*TASK GOAL*
Please give back the listing below word for word, without the images.

*EXERCISE DATA*
╔══

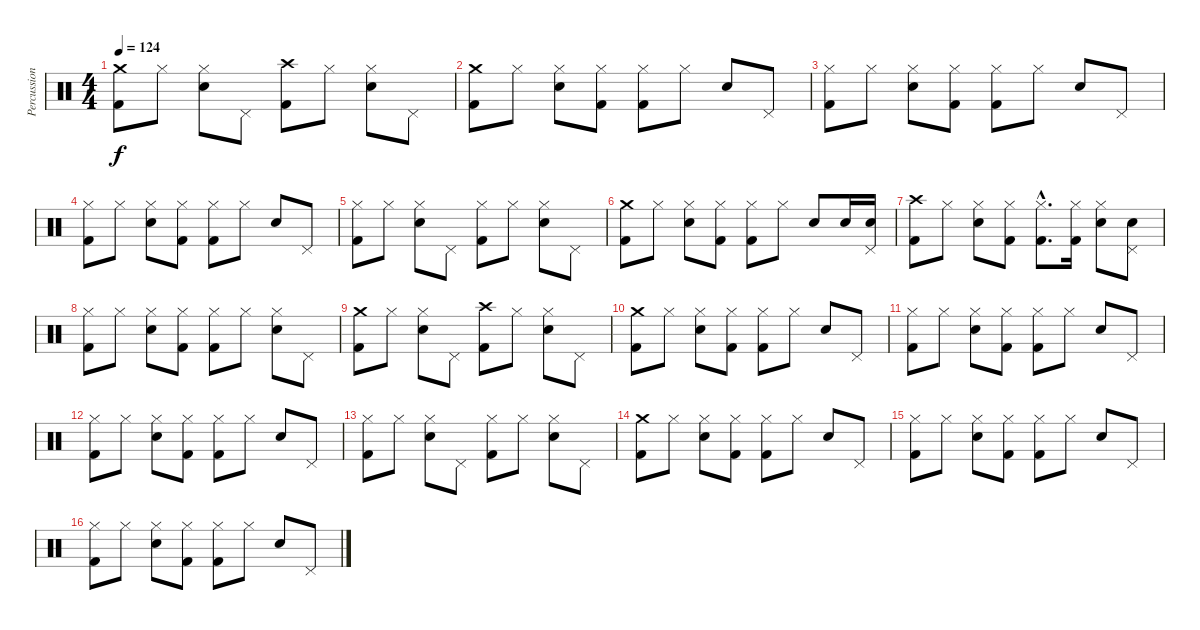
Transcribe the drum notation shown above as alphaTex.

\track ("Percussions" "Percussion") {instrument percussion}
\staff {score}
\articulation defaults
\ts (4 4)
\tempo 124
\clef neutral
\ks c
("Crash medium (hit)" "Kick (hit) 2").8{dy f} "Hi-Hat (closed)".8 ("Hi-Hat (closed)" "Electric Snare (hit)").8 "Pedal Hi-Hat (hit)".8 ("Crash high (hit)" "Kick (hit) 2").8 "Hi-Hat (closed)".8 ("Hi-Hat (closed)" "Electric Snare (hit)").8 "Pedal Hi-Hat (hit)".8 |
("Crash medium (hit)" "Kick (hit) 2").8 "Hi-Hat (closed)".8 ("Hi-Hat (closed)" "Electric Snare (hit)").8 ("Hi-Hat (closed)" "Kick (hit) 2").8 ("Hi-Hat (closed)" "Kick (hit) 2").8 "Hi-Hat (closed)".8 "Electric Snare (hit)".8 "Pedal Hi-Hat (hit)".8 |
("Hi-Hat (closed)" "Kick (hit) 2").8 "Hi-Hat (closed)".8 ("Hi-Hat (closed)" "Electric Snare (hit)").8 ("Hi-Hat (closed)" "Kick (hit) 2").8 ("Hi-Hat (closed)" "Kick (hit) 2").8 "Hi-Hat (closed)".8 "Electric Snare (hit)".8 "Pedal Hi-Hat (hit)".8 |
("Hi-Hat (closed)" "Kick (hit) 2").8 "Hi-Hat (closed)".8 ("Hi-Hat (closed)" "Electric Snare (hit)").8 ("Hi-Hat (closed)" "Kick (hit) 2").8 ("Hi-Hat (closed)" "Kick (hit) 2").8 "Hi-Hat (closed)".8 "Electric Snare (hit)".8 "Pedal Hi-Hat (hit)".8 |
("Hi-Hat (closed)" "Kick (hit) 2").8 "Hi-Hat (closed)".8 ("Hi-Hat (closed)" "Electric Snare (hit)").8 "Pedal Hi-Hat (hit)".8 ("Hi-Hat (closed)" "Kick (hit) 2").8 "Hi-Hat (closed)".8 ("Hi-Hat (closed)" "Electric Snare (hit)").8 "Pedal Hi-Hat (hit)".8 |
("Crash medium (hit)" "Kick (hit) 2").8 "Hi-Hat (closed)".8 ("Hi-Hat (closed)" "Electric Snare (hit)").8 ("Hi-Hat (closed)" "Kick (hit) 2").8 ("Hi-Hat (closed)" "Kick (hit) 2").8 "Hi-Hat (closed)".8 "Electric Snare (hit)".8 "Electric Snare (hit)".16 ("Pedal Hi-Hat (hit)" "Electric Snare (hit)").16 |
("Crash high (hit)" "Kick (hit) 2").8 "Hi-Hat (closed)".8 ("Hi-Hat (closed)" "Electric Snare (hit)").8 ("Hi-Hat (closed)" "Kick (hit) 2").8 ("Hi-Hat (closed)"{hac} "Kick (hit) 2"{hac}).8{d} ("Hi-Hat (closed)" "Kick (hit) 2").16 ("Hi-Hat (closed)" "Electric Snare (hit)").8 ("Pedal Hi-Hat (hit)" "Electric Snare (hit)").8 |
("Hi-Hat (closed)" "Kick (hit) 2").8 "Hi-Hat (closed)".8 ("Hi-Hat (closed)" "Electric Snare (hit)").8 ("Hi-Hat (closed)" "Kick (hit) 2").8 ("Hi-Hat (closed)" "Kick (hit) 2").8 "Hi-Hat (closed)".8 ("Hi-Hat (closed)" "Electric Snare (hit)").8 "Pedal Hi-Hat (hit)".8 |
("Crash medium (hit)" "Kick (hit) 2").8 "Hi-Hat (closed)".8 ("Hi-Hat (closed)" "Electric Snare (hit)").8 "Pedal Hi-Hat (hit)".8 ("Crash high (hit)" "Kick (hit) 2").8 "Hi-Hat (closed)".8 ("Hi-Hat (closed)" "Electric Snare (hit)").8 "Pedal Hi-Hat (hit)".8 |
("Crash medium (hit)" "Kick (hit) 2").8 "Hi-Hat (closed)".8 ("Hi-Hat (closed)" "Electric Snare (hit)").8 ("Hi-Hat (closed)" "Kick (hit) 2").8 ("Hi-Hat (closed)" "Kick (hit) 2").8 "Hi-Hat (closed)".8 "Electric Snare (hit)".8 "Pedal Hi-Hat (hit)".8 |
("Hi-Hat (closed)" "Kick (hit) 2").8 "Hi-Hat (closed)".8 ("Hi-Hat (closed)" "Electric Snare (hit)").8 ("Hi-Hat (closed)" "Kick (hit) 2").8 ("Hi-Hat (closed)" "Kick (hit) 2").8 "Hi-Hat (closed)".8 "Electric Snare (hit)".8 "Pedal Hi-Hat (hit)".8 |
("Hi-Hat (closed)" "Kick (hit) 2").8 "Hi-Hat (closed)".8 ("Hi-Hat (closed)" "Electric Snare (hit)").8 ("Hi-Hat (closed)" "Kick (hit) 2").8 ("Hi-Hat (closed)" "Kick (hit) 2").8 "Hi-Hat (closed)".8 "Electric Snare (hit)".8 "Pedal Hi-Hat (hit)".8 |
("Hi-Hat (closed)" "Kick (hit) 2").8 "Hi-Hat (closed)".8 ("Hi-Hat (closed)" "Electric Snare (hit)").8 "Pedal Hi-Hat (hit)".8 ("Hi-Hat (closed)" "Kick (hit) 2").8 "Hi-Hat (closed)".8 ("Hi-Hat (closed)" "Electric Snare (hit)").8 "Pedal Hi-Hat (hit)".8 |
("Crash medium (hit)" "Kick (hit) 2").8 "Hi-Hat (closed)".8 ("Hi-Hat (closed)" "Electric Snare (hit)").8 ("Hi-Hat (closed)" "Kick (hit) 2").8 ("Hi-Hat (closed)" "Kick (hit) 2").8 "Hi-Hat (closed)".8 "Electric Snare (hit)".8 "Pedal Hi-Hat (hit)".8 |
("Hi-Hat (closed)" "Kick (hit) 2").8 "Hi-Hat (closed)".8 ("Hi-Hat (closed)" "Electric Snare (hit)").8 ("Hi-Hat (closed)" "Kick (hit) 2").8 ("Hi-Hat (closed)" "Kick (hit) 2").8 "Hi-Hat (closed)".8 "Electric Snare (hit)".8 "Pedal Hi-Hat (hit)".8 |
("Hi-Hat (closed)" "Kick (hit) 2").8 "Hi-Hat (closed)".8 ("Hi-Hat (closed)" "Electric Snare (hit)").8 ("Hi-Hat (closed)" "Kick (hit) 2").8 ("Hi-Hat (closed)" "Kick (hit) 2").8 "Hi-Hat (closed)".8 "Electric Snare (hit)".8 "Pedal Hi-Hat (hit)".8

╚══

*SOLVED PROBLEM*
Transcribe the drum notation shown above as alphaTex.

\track ("Percussions" "Percussion") {instrument percussion}
\staff {score}
\articulation defaults
\ts (4 4)
\tempo 124
\clef neutral
\ks c
("Crash medium (hit)" "Kick (hit) 2").8{dy f} "Hi-Hat (closed)".8 ("Hi-Hat (closed)" "Electric Snare (hit)").8 "Pedal Hi-Hat (hit)".8 ("Crash high (hit)" "Kick (hit) 2").8 "Hi-Hat (closed)".8 ("Hi-Hat (closed)" "Electric Snare (hit)").8 "Pedal Hi-Hat (hit)".8 |
("Crash medium (hit)" "Kick (hit) 2").8 "Hi-Hat (closed)".8 ("Hi-Hat (closed)" "Electric Snare (hit)").8 ("Hi-Hat (closed)" "Kick (hit) 2").8 ("Hi-Hat (closed)" "Kick (hit) 2").8 "Hi-Hat (closed)".8 "Electric Snare (hit)".8 "Pedal Hi-Hat (hit)".8 |
("Hi-Hat (closed)" "Kick (hit) 2").8 "Hi-Hat (closed)".8 ("Hi-Hat (closed)" "Electric Snare (hit)").8 ("Hi-Hat (closed)" "Kick (hit) 2").8 ("Hi-Hat (closed)" "Kick (hit) 2").8 "Hi-Hat (closed)".8 "Electric Snare (hit)".8 "Pedal Hi-Hat (hit)".8 |
("Hi-Hat (closed)" "Kick (hit) 2").8 "Hi-Hat (closed)".8 ("Hi-Hat (closed)" "Electric Snare (hit)").8 ("Hi-Hat (closed)" "Kick (hit) 2").8 ("Hi-Hat (closed)" "Kick (hit) 2").8 "Hi-Hat (closed)".8 "Electric Snare (hit)".8 "Pedal Hi-Hat (hit)".8 |
("Hi-Hat (closed)" "Kick (hit) 2").8 "Hi-Hat (closed)".8 ("Hi-Hat (closed)" "Electric Snare (hit)").8 "Pedal Hi-Hat (hit)".8 ("Hi-Hat (closed)" "Kick (hit) 2").8 "Hi-Hat (closed)".8 ("Hi-Hat (closed)" "Electric Snare (hit)").8 "Pedal Hi-Hat (hit)".8 |
("Crash medium (hit)" "Kick (hit) 2").8 "Hi-Hat (closed)".8 ("Hi-Hat (closed)" "Electric Snare (hit)").8 ("Hi-Hat (closed)" "Kick (hit) 2").8 ("Hi-Hat (closed)" "Kick (hit) 2").8 "Hi-Hat (closed)".8 "Electric Snare (hit)".8 "Electric Snare (hit)".16 ("Pedal Hi-Hat (hit)" "Electric Snare (hit)").16 |
("Crash high (hit)" "Kick (hit) 2").8 "Hi-Hat (closed)".8 ("Hi-Hat (closed)" "Electric Snare (hit)").8 ("Hi-Hat (closed)" "Kick (hit) 2").8 ("Hi-Hat (closed)"{hac} "Kick (hit) 2"{hac}).8{d} ("Hi-Hat (closed)" "Kick (hit) 2").16 ("Hi-Hat (closed)" "Electric Snare (hit)").8 ("Pedal Hi-Hat (hit)" "Electric Snare (hit)").8 |
("Hi-Hat (closed)" "Kick (hit) 2").8 "Hi-Hat (closed)".8 ("Hi-Hat (closed)" "Electric Snare (hit)").8 ("Hi-Hat (closed)" "Kick (hit) 2").8 ("Hi-Hat (closed)" "Kick (hit) 2").8 "Hi-Hat (closed)".8 ("Hi-Hat (closed)" "Electric Snare (hit)").8 "Pedal Hi-Hat (hit)".8 |
("Crash medium (hit)" "Kick (hit) 2").8 "Hi-Hat (closed)".8 ("Hi-Hat (closed)" "Electric Snare (hit)").8 "Pedal Hi-Hat (hit)".8 ("Crash high (hit)" "Kick (hit) 2").8 "Hi-Hat (closed)".8 ("Hi-Hat (closed)" "Electric Snare (hit)").8 "Pedal Hi-Hat (hit)".8 |
("Crash medium (hit)" "Kick (hit) 2").8 "Hi-Hat (closed)".8 ("Hi-Hat (closed)" "Electric Snare (hit)").8 ("Hi-Hat (closed)" "Kick (hit) 2").8 ("Hi-Hat (closed)" "Kick (hit) 2").8 "Hi-Hat (closed)".8 "Electric Snare (hit)".8 "Pedal Hi-Hat (hit)".8 |
("Hi-Hat (closed)" "Kick (hit) 2").8 "Hi-Hat (closed)".8 ("Hi-Hat (closed)" "Electric Snare (hit)").8 ("Hi-Hat (closed)" "Kick (hit) 2").8 ("Hi-Hat (closed)" "Kick (hit) 2").8 "Hi-Hat (closed)".8 "Electric Snare (hit)".8 "Pedal Hi-Hat (hit)".8 |
("Hi-Hat (closed)" "Kick (hit) 2").8 "Hi-Hat (closed)".8 ("Hi-Hat (closed)" "Electric Snare (hit)").8 ("Hi-Hat (closed)" "Kick (hit) 2").8 ("Hi-Hat (closed)" "Kick (hit) 2").8 "Hi-Hat (closed)".8 "Electric Snare (hit)".8 "Pedal Hi-Hat (hit)".8 |
("Hi-Hat (closed)" "Kick (hit) 2").8 "Hi-Hat (closed)".8 ("Hi-Hat (closed)" "Electric Snare (hit)").8 "Pedal Hi-Hat (hit)".8 ("Hi-Hat (closed)" "Kick (hit) 2").8 "Hi-Hat (closed)".8 ("Hi-Hat (closed)" "Electric Snare (hit)").8 "Pedal Hi-Hat (hit)".8 |
("Crash medium (hit)" "Kick (hit) 2").8 "Hi-Hat (closed)".8 ("Hi-Hat (closed)" "Electric Snare (hit)").8 ("Hi-Hat (closed)" "Kick (hit) 2").8 ("Hi-Hat (closed)" "Kick (hit) 2").8 "Hi-Hat (closed)".8 "Electric Snare (hit)".8 "Pedal Hi-Hat (hit)".8 |
("Hi-Hat (closed)" "Kick (hit) 2").8 "Hi-Hat (closed)".8 ("Hi-Hat (closed)" "Electric Snare (hit)").8 ("Hi-Hat (closed)" "Kick (hit) 2").8 ("Hi-Hat (closed)" "Kick (hit) 2").8 "Hi-Hat (closed)".8 "Electric Snare (hit)".8 "Pedal Hi-Hat (hit)".8 |
("Hi-Hat (closed)" "Kick (hit) 2").8 "Hi-Hat (closed)".8 ("Hi-Hat (closed)" "Electric Snare (hit)").8 ("Hi-Hat (closed)" "Kick (hit) 2").8 ("Hi-Hat (closed)" "Kick (hit) 2").8 "Hi-Hat (closed)".8 "Electric Snare (hit)".8 "Pedal Hi-Hat (hit)".8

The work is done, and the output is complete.